In other news, we made a wonderful cheezecake last night!  It was pretty incredible!  I didn't add the blueberry topping because I'm lazy but it was delicious without and delicious with dairy free chocolate chips added!  This was actually my first attempt at eating vegan soy free cheesecake as well as making will NOT be my last!  We halved the recipe and froze three little individual cakes to eat throughout the week.  So adorable!

Right out of the freezer and...
onto my plate!!!  (I added some chocolate chips after the photo)

À bientôt! 

Saturday, March 17, 2012

Weekly Menu 3/18/2012

Happy St. Patrick's Day!  We started our morning introducing the kids to some traditional Irish music, watched the Veggie Tales video for St. Patrick's Day, colored shamrocks and talked about it's three leaves representing the Holy Trinity!  It was fun!  I felt like we needed something special for breakfast so I whipped up some cinnamon rolls!!!  It's quite exciting to say 'whipped up' when referring to anything made from scratch without gluten, eggs or dairy!  Usually, those recipes take quite some time and this one really was quite simple.  They were also fantabulous which means they will go in our permanent recipe file.  The only complaint I have....they have more of a biscuit texture than a smooth bread texture but the taste was amazing and they were much easier than other from scratch gluten free cinnamon roll recipes so it's all good! 

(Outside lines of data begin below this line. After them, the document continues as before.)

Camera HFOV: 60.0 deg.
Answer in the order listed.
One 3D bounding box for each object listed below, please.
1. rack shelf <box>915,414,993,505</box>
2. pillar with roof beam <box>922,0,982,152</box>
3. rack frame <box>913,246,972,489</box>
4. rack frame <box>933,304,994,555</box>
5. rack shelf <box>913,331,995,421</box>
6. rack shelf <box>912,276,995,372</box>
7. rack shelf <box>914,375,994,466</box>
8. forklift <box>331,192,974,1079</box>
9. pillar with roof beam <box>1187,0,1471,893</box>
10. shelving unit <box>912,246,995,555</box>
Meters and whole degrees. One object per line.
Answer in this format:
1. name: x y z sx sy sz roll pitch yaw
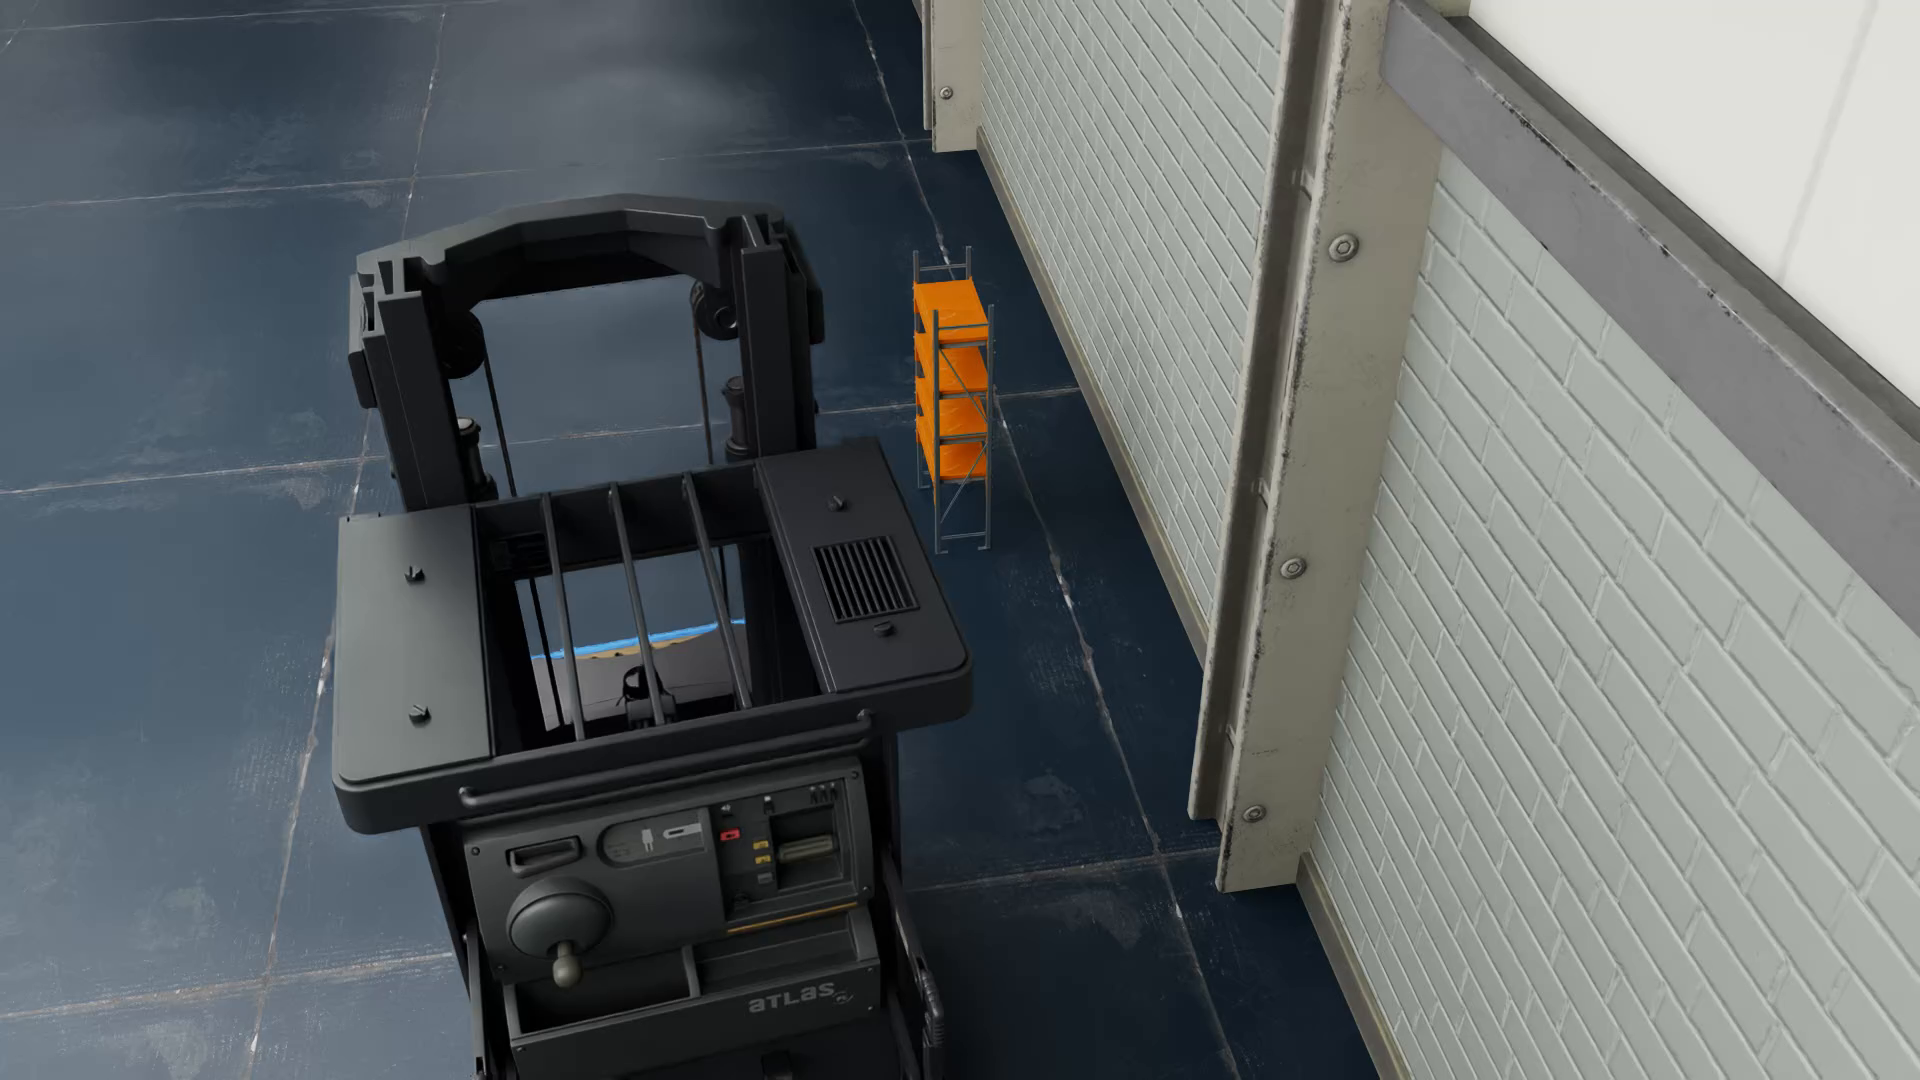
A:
1. rack shelf: -0.029 -0.364 7.174 0.258 0.148 0.480 -6 38 -8
2. pillar with roof beam: -4.285 -5.642 7.177 9.100 9.000 0.400 -6 38 -8
3. rack frame: -0.072 -0.721 7.200 0.240 1.200 0.015 -6 38 -8
4. rack frame: 0.014 -0.426 6.821 0.240 1.200 0.015 -6 38 -8
5. rack shelf: -0.029 -0.697 6.915 0.258 0.148 0.480 -6 38 -8
6. rack shelf: -0.029 -0.884 6.770 0.258 0.148 0.480 -6 38 -8
7. rack shelf: -0.029 -0.521 7.052 0.258 0.148 0.480 -6 38 -8
8. forklift: -0.611 0.857 3.758 1.130 2.935 3.031 -10 39 -12
9. pillar with roof beam: -3.233 -2.018 2.512 9.100 9.000 0.400 -6 38 -8
10. shelving unit: -0.029 -0.574 7.011 0.258 1.200 0.503 -6 38 -8
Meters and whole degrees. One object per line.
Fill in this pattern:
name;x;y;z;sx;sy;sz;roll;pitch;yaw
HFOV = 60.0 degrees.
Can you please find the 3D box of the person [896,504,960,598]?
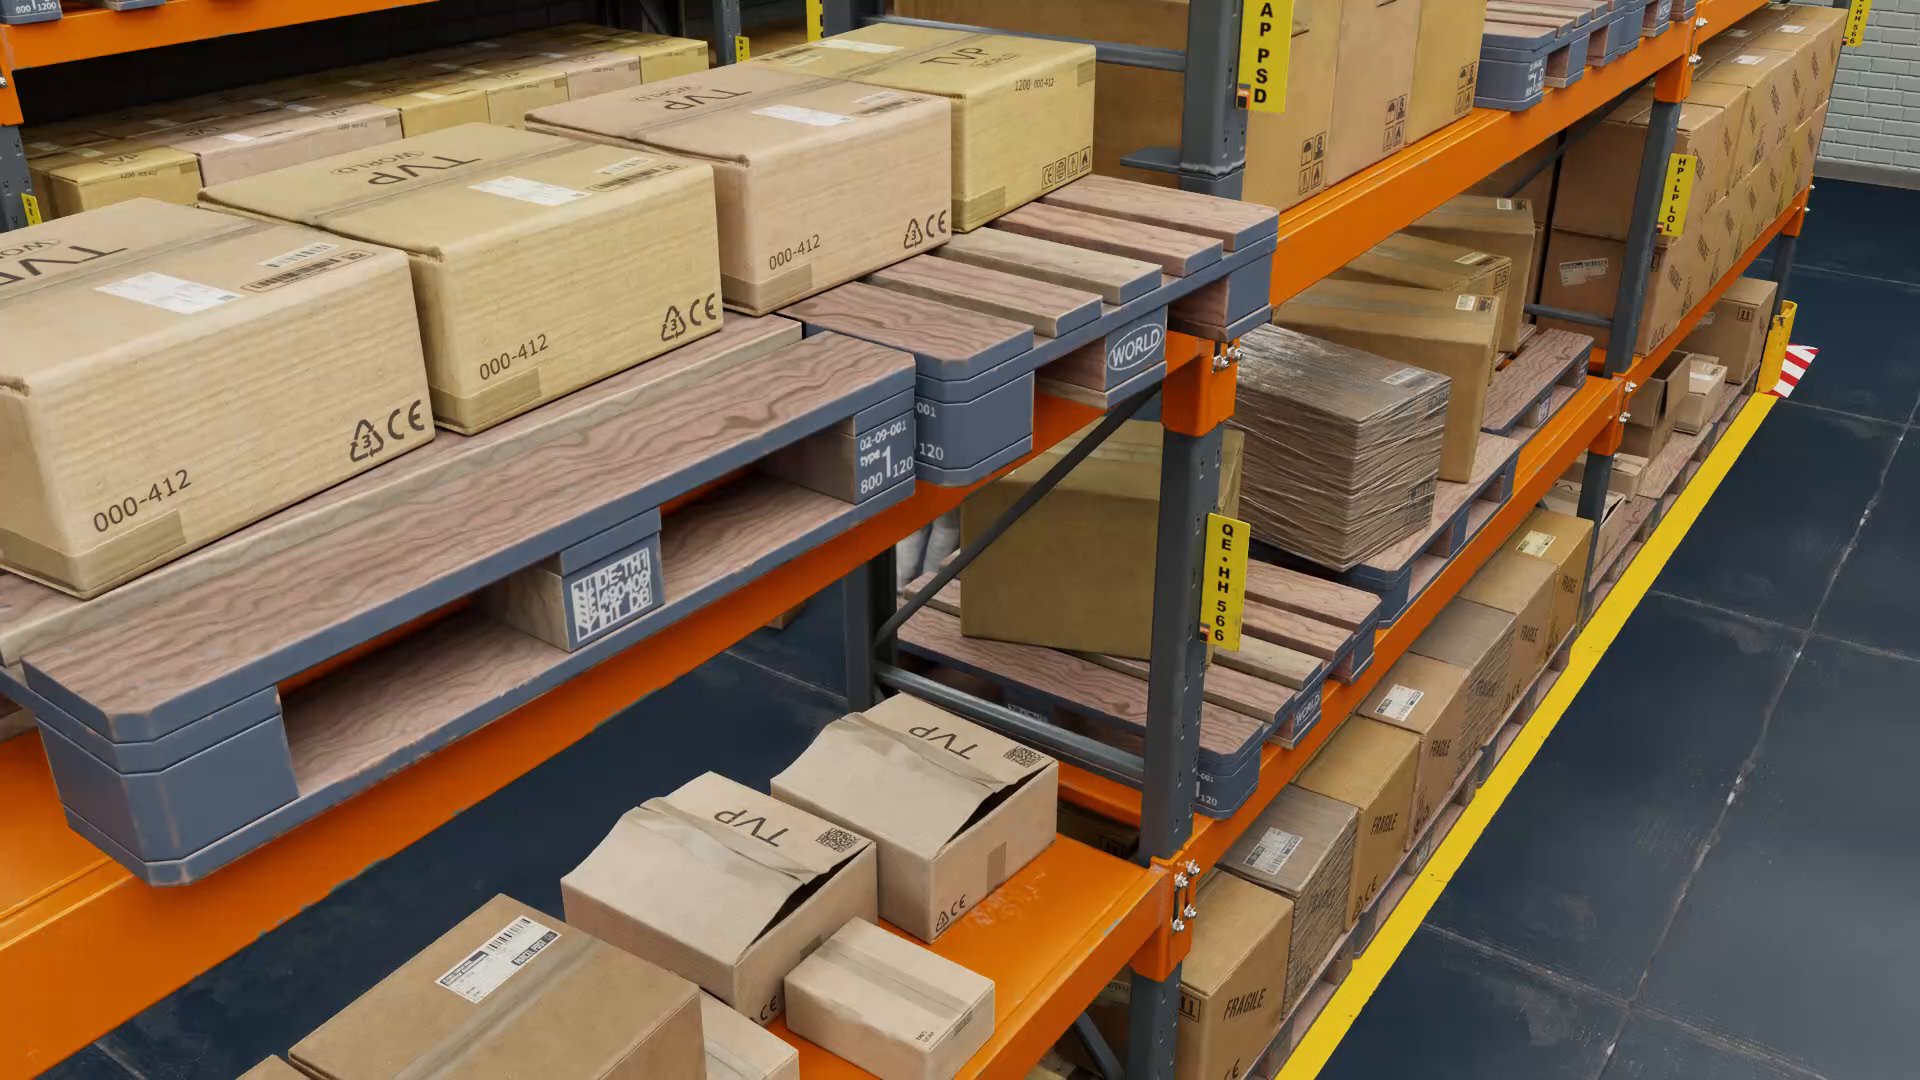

Glorious cinnamon-caramel deliciousness!  I subbed coconut sugar for granulated and sorghum glour for sweet rice in the recipe.  These rolls also call for cloves which were an amazing addition!  They tasted and smelled so!

The flash made them look orange but they baked up much better than our last cinnamon roll attempt!

This is my favorite picture!  The kids were patiently waiting there cinnamon treats.  This is after I frosted them with some homemade vegan buttercream!  YUM! I had intentions of dying the frosting green but decided against it.  My little girl kept coming in the kitchen and asking if the 'rollers' were done yet!  So cute!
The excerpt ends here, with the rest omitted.